During the Q2 earnings call, Amazon talked about its Trainium2 chip which it said offered “better price performance” and companies like Adobe (ADBE) and Qualcomm (QCOM) witnessed “impressive results in early testing” with these. Jassy added, “It’s also why you’re seeing Anthropic build their future frontier models on Trainium2.” Alphabet is also building its custom-designed Tensor Processing Units (TPUs) which D.A. Davidson termed the "most compelling alternative to Nvidia GPUs.”
Finally, while these are still early days and some see the AI capex as just getting started, there are signs that the growth might not be as stellar as in 2025. Microsoft for instance said that its capex growth rate in fiscal year 2026 will be lower than the current year.

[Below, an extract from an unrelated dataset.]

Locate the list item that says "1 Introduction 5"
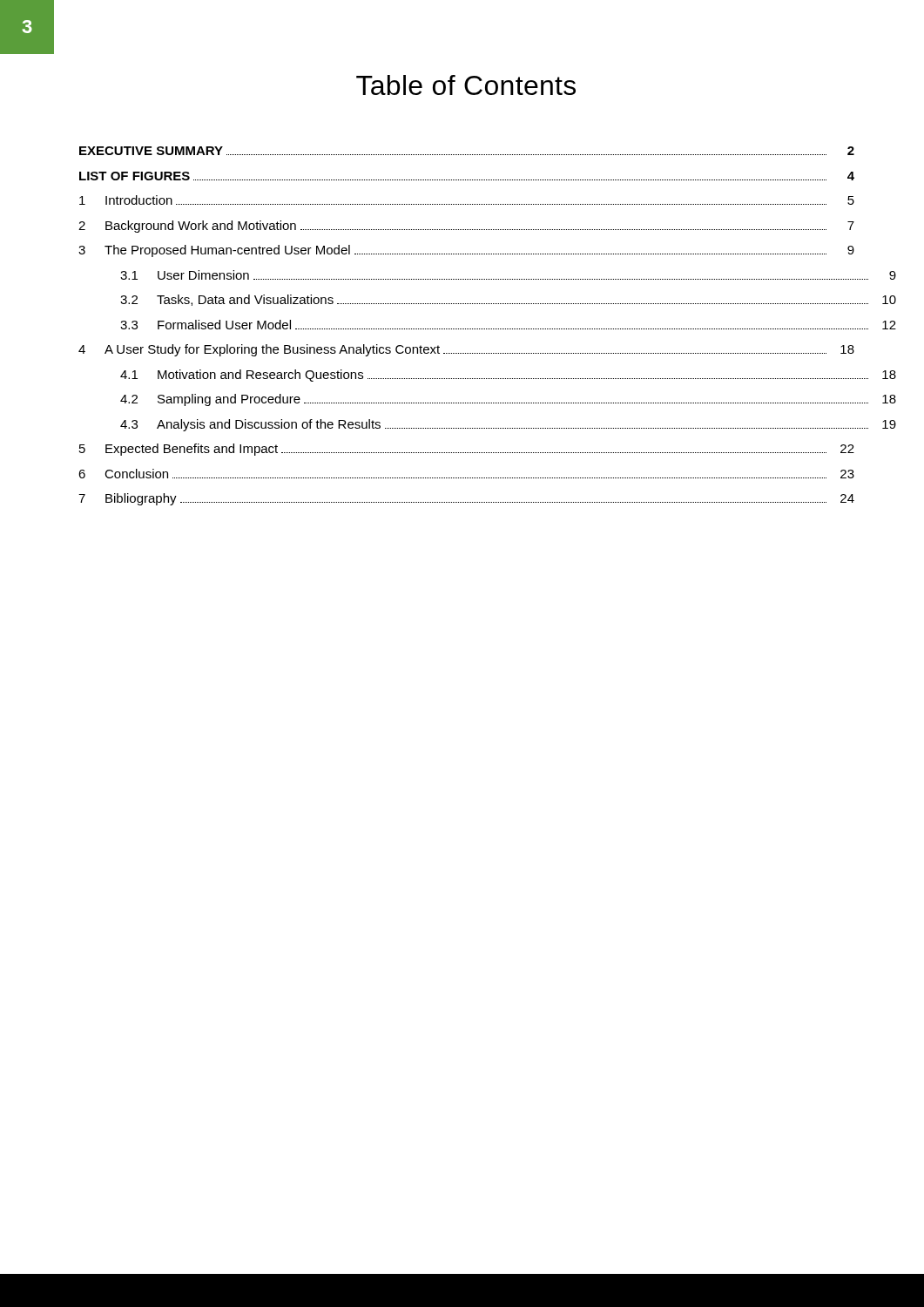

CFO Amy Hood said during the fiscal Q2 earnings call that the “mix of spend will begin to shift back to short-lived assets, which are more correlated to revenue growth.” The fact that these comments came from the management of Microsoft, whose stock has underperformed badly over the last year amid concerns over its ability to monetize its burgeoning AI capex, says a lot.
All said, for now, tech companies’ coffers are wide open for AI capex which should keep Nvidia’s cash registers ringing. However, given how central its AI chips have become for its business, tech companies scaling back their AI capex continues to remain the biggest risk for Nvidia.